Ik weet niet of hij Adriaan heet, maar ik herken hem van verre aan zijn gitaar en zijn dichtgeknepen ogen, een zwerver denken de mensen, zo eentje die ’s morgens al vroeg aan de drank gaat.
Zeiden we elkaar al jaren geen gedag in liefhebbende herkenning? In een koud zonnetje in de Hortus, soms samen met een vrouw en een kinderwagentje.
Nooit, nooit vrolijk.
Wij wel, mijn man en ik, altijd vrolijk, blij om de bomen te kunnen zien in de Hortus, de bloesems, de latijnse namen, de vijver, moeiteloos onderwerpen vindend om met elkaar te praten.
Eens kreeg ik een stroopwafel van Adriaan. En precies zoals hij die stroopwafel zodra hij mij zag voor mijn mond hield, zo omarmden wij elkaar vandaag in de Donkersteeg, plotseling in de sneeuw.
‘Jaja,’ zegt Adriaan, ‘jaja. Jaja, jaja.’ Weinig anders dan jaja.

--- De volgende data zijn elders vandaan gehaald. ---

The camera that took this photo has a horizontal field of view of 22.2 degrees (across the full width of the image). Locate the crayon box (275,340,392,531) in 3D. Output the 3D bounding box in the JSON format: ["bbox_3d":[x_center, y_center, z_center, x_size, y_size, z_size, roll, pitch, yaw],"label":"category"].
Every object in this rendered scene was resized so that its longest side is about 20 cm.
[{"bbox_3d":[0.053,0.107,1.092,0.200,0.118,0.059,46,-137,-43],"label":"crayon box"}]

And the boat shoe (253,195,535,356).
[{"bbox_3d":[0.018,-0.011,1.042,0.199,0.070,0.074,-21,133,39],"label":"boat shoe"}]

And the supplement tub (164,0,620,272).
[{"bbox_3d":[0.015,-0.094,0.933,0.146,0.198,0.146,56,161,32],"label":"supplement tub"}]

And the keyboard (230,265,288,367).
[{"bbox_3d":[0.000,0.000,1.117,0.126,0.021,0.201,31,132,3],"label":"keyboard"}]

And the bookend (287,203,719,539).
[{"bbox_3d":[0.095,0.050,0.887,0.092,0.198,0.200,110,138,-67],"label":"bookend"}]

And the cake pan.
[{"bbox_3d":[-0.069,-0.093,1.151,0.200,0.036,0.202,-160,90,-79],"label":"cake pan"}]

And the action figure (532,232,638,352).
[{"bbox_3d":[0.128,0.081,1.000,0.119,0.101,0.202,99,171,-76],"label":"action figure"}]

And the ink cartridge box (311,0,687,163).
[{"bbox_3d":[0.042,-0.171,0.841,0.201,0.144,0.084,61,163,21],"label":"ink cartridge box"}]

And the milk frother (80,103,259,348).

Met plotseling wijd open ogen, verbaasd en toch eigenlijk ook helemaal niet. Jaja.
En dan: ‘Hoe heet je?’
‘Willemien,’ zeg ik, ‘en jij?’
‘Adriaan’.
‘Adriaan,’ zeg ik, maar met een andere klank dan die hij gebruikte. Ik voel dat hij warmte nodig heeft en geef hem die.
Adriaan zegt: ‘Wat ben jij lief.’
Hij lijkt te schrikken van wat hij zegt, maar even later zegt hij weer: ‘Jaja.’
Wanneer ik denk dat hij zijn rust heeft hervonden steekt hij onverwacht zijn tong in mijn mond, een vette hondetong. Ik vind het niet lekker en wijk wat terug, mijn mond doe ik dicht.
‘Heb je het koud?’ vraag ik, ‘hier is wat warmte.’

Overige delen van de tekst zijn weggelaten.